**WHAT YOU SHOULD DO:**
Skipping the images, transcribe each record below as it is.

GIVEN RECORDS section start

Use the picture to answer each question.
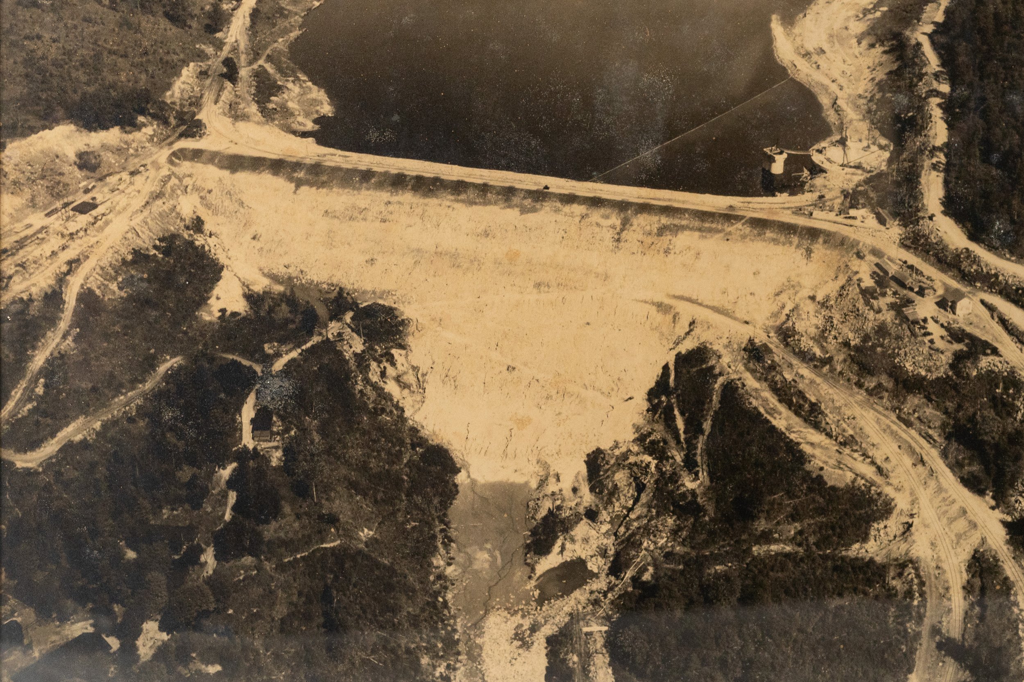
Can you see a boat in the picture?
No
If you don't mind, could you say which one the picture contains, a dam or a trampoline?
dam
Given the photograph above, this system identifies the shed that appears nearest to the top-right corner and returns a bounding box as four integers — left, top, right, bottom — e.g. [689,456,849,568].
[874,199,902,227]
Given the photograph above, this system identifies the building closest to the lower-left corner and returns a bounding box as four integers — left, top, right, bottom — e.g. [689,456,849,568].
[250,410,274,443]
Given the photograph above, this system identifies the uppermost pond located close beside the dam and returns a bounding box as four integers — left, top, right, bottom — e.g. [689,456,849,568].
[293,0,830,200]
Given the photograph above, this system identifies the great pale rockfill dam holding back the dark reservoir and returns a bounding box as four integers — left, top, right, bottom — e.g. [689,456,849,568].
[170,139,885,495]
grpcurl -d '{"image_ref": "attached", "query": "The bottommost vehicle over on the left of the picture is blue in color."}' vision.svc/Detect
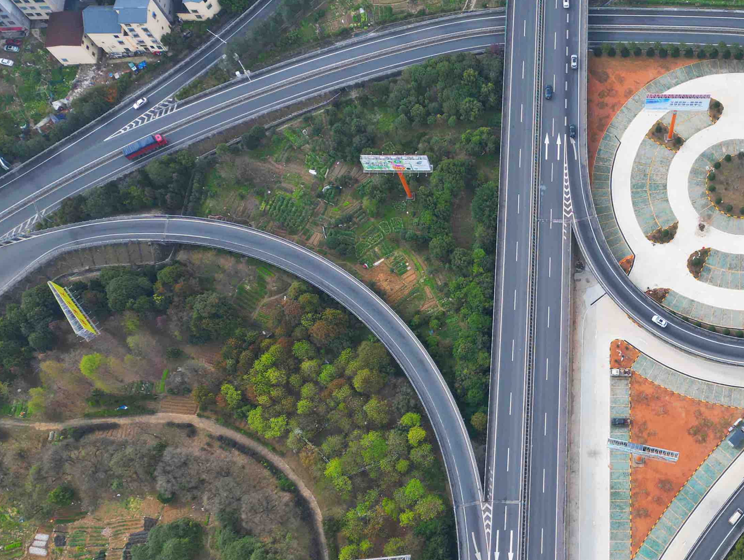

GIVEN RECORDS section end

**RESPONSE TO THIS EXERCISE:**
Use the picture to answer each question.
Can you see a boat in the picture?
No
If you don't mind, could you say which one the picture contains, a dam or a trampoline?
dam
Given the photograph above, this system identifies the shed that appears nearest to the top-right corner and returns a bounding box as four integers — left, top, right, bottom — e.g. [689,456,849,568].
[874,199,902,227]
Given the photograph above, this system identifies the building closest to the lower-left corner and returns a bounding box as four integers — left, top, right, bottom — e.g. [689,456,849,568].
[250,410,274,443]
Given the photograph above, this system identifies the uppermost pond located close beside the dam and returns a bounding box as four integers — left, top, right, bottom — e.g. [689,456,849,568].
[293,0,830,200]
Given the photograph above, this system identifies the great pale rockfill dam holding back the dark reservoir and returns a bounding box as four integers — left, top, right, bottom — e.g. [689,456,849,568].
[170,139,885,495]
grpcurl -d '{"image_ref": "attached", "query": "The bottommost vehicle over on the left of the picture is blue in color."}' vision.svc/Detect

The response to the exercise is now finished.